Accordingly, the court reversed the Board's order that affirmed the denial. The court remanded the cause to the Board to give the Board an opportunity to validate Rule 202 in accordance with the Act.

The Agency makes five contentions before us: (1) the appellate court was without jurisdiction to consider an attack upon the validity of Rule 202; (2) Celotex is estopped to challenge the validity of the rule; (3) the appellate court erred in deciding that the rule is invalid; (4) the court's invalidation of the entire rule was overly broad; (5) the appellate court erred in deciding that the permit could not be denied for the failure to submit the requested information. We will consider the points in the above sequence.

Under the Act a decision by the Agency to refuse a permit may be contested in a hearing before the Board. (Ill. Rev. Stat. 1977, ch. 111 1/2, par. 1040.) The Act provides that, after such a contest, one who has been denied a permit may obtain review in the appellate court by filing a petition for review within 35 days. (Ill. Rev. Stat. 1977, ch. 111 1/2, par. 1041.) Here, Celotex filed a petition for review within 35 days of the Board's decision to deny the permit, which decision was based in part upon the Agency's view that granting a permit would violate Rule 202(b). The Agency contends that, although the petition for review was timely filed, the appellate court lacked jurisdiction to consider Celotex' challenge to the validity of the rule in its review of the denial of the permit.

The sections of the Act involved are sections 29 and 41. Section 29 provides:

"Any person adversely affected or threatened by any rule or regulation of the Board may obtain a determination of the validity or application of such rule or regulation by petition for review under Section 41 of this Act." (Ill. Rev. Stat. 1977, ch. 111 1/2, par. 1029.)

Section 41 provides:

"Any party to a Board hearing, any person who filed a complaint on which a hearing was denied, any person who has been denied a variance or permit under this Act, and any party adversely affected by a final order or determination of the Board may obtain judicial review, by filing a petition for review within thirty-five days after entry of the order or other final action complained of, pursuant to the provisions of the `Administration Review Act,' approved May 8, 1945, as amended and the rules adopted pursuant thereto, except that review shall be afforded directly in the Appellate Court for the District in which the cause of action arose and not in the Circuit Court. Review of any rule or regulation promulgated by the Board shall not be limited by this section but may also be had as provided in Section 29 of this Act." Ill. Rev. Stat. 1977, ch. 111 1/2, par. 1041.
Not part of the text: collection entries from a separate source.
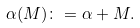Convert formula to latex. <formula><loc_0><loc_0><loc_500><loc_500>\alpha ( M ) \colon = \alpha + M .</formula> 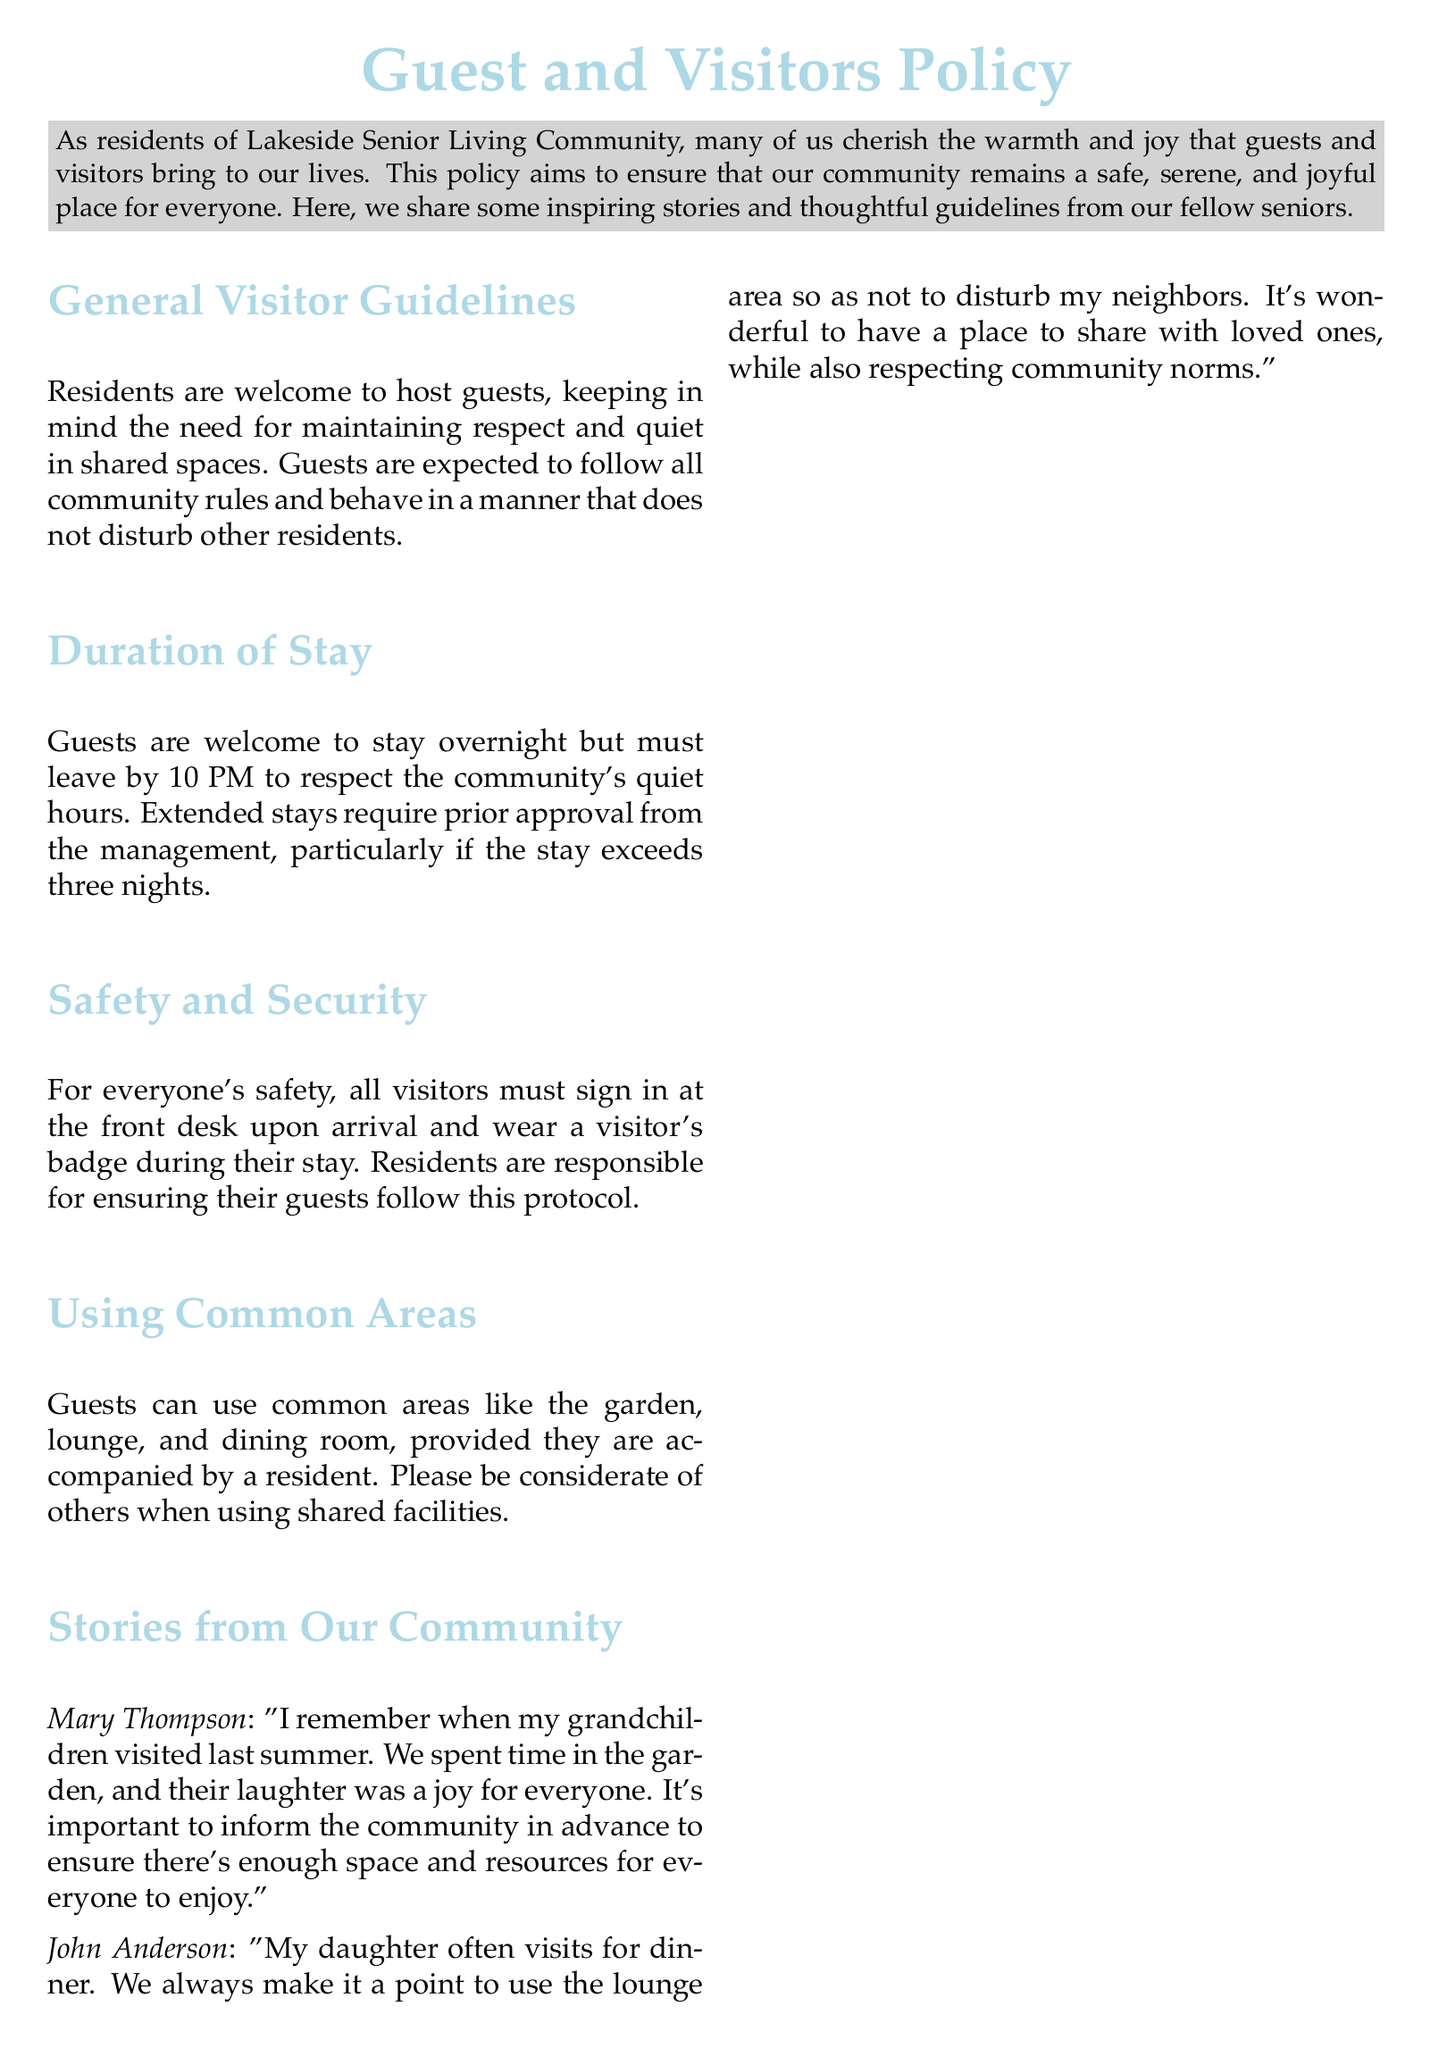what is the title of the document? The title is prominently displayed at the beginning of the document as "Guest and Visitors Policy".
Answer: Guest and Visitors Policy who is responsible for ensuring guests follow the protocol? The document states that residents are responsible for ensuring their guests follow this protocol.
Answer: Residents what time must guests leave by? The document specifies that guests must leave by 10 PM to respect quiet hours.
Answer: 10 PM how many nights can guests stay without requiring prior approval? According to the document, guests can stay for three nights without prior approval.
Answer: three nights who shared a story about grandchildren visiting? The document includes a story from Mary Thompson about her grandchildren visiting last summer.
Answer: Mary Thompson what common areas can guests use? Guests can use the garden, lounge, and dining room when accompanied by a resident.
Answer: garden, lounge, dining room what does John Anderson emphasize in his story? John Anderson emphasizes the importance of not disturbing neighbors when hosting his daughter for dinner.
Answer: not disturbing neighbors what is the main message of the conclusion section? The conclusion emphasizes maintaining a balance that respects both personal and community spaces.
Answer: balance that respects both personal and community spaces how does the document describe visitors? The document describes visitors as the flowers that make life bloom.
Answer: flowers that make it bloom

The Agency's jurisdictional objection is based upon its contention that section 29 sets forth the exclusive method for challenging a regulation. Under that section, one can contest the validity of a regulation by filing a petition for review within 35 days after the Board's adoption of the regulation. If one does not proceed within that period, the Agency argues, he has "slept on his rights" and may not dispute the validity of the regulation in a proceeding following the denial of a permit. The only course available in that event, it is contended, is to request the Board to change the regulation pursuant to section 28 of the Act (Ill. Rev. Stat. 1979, ch. 111 1/2, par. 1028), or to seek an individual variance. Under section 35 of the Act (Ill. Rev. Stat. 1977, ch. 111 1/2, par. 1035), a variance may be granted "whenever it is found, upon presentation of adequate proof, that compliance with any rule or regulation, requirement or order of the Board would impose an arbitrary or unreasonable hardship."
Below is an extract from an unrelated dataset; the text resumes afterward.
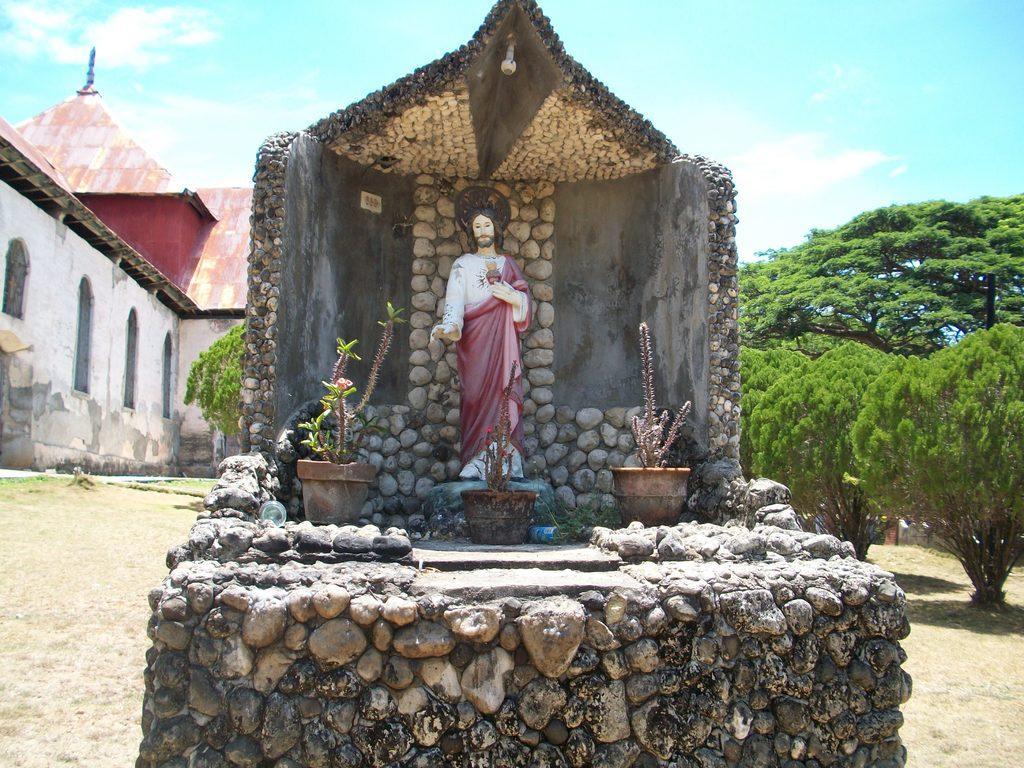Describe this image in one or two sentences. We can see sculpture on stone and we can see house plants. In the background we can see building,trees and sky.

Rule 202 was adopted several years prior to Celotex' assertion that the regulation is invalid. The Agency says that because Celotex did not follow the statutory method of review, which it contends is the exclusive method, the appellate court lacked jurisdiction to review the regulation.

We are not persuaded that section 29 provides an exclusive review procedure. Professor David P. Currie, a principal draftsman of the Act and the first chairman of the Board, has stated that the normal method for challenging a pollution regulation is by way of a defense in a proceeding to enforce the rule. (D. Currie, Rulemaking Under the Illinois Pollution Law, 42 U. Chi. L. Rev. 457, 473 (1975).) He considers that section 29 provides an additional method for challenging regulations. Its provisions allow one to test a regulation without having to risk being charged with its violation. 42 U. Chi. L. Rev. 457, 473-74.
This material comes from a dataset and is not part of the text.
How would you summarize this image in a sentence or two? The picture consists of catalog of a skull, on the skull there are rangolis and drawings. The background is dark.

The Act provides for judicial review of denials of permits. There is nothing in the statute to indicate that the General Assembly intended to deprive one of an opportunity to challenge a regulation that is being applied to deny him a permit simply because he did not contest the regulation immediately after its adoption. The absurdity of holding otherwise becomes completely clear if the requested applicant was not in business within 35 days of the adoption of the regulation.

The language of section 41 itself indicates that section 29 was intended as an added and not an exclusive provision for judicial review. Section 41 states that review of a regulation is not limited to review under section 41 "but may also be had as provided in Section 29 of th[e] Act."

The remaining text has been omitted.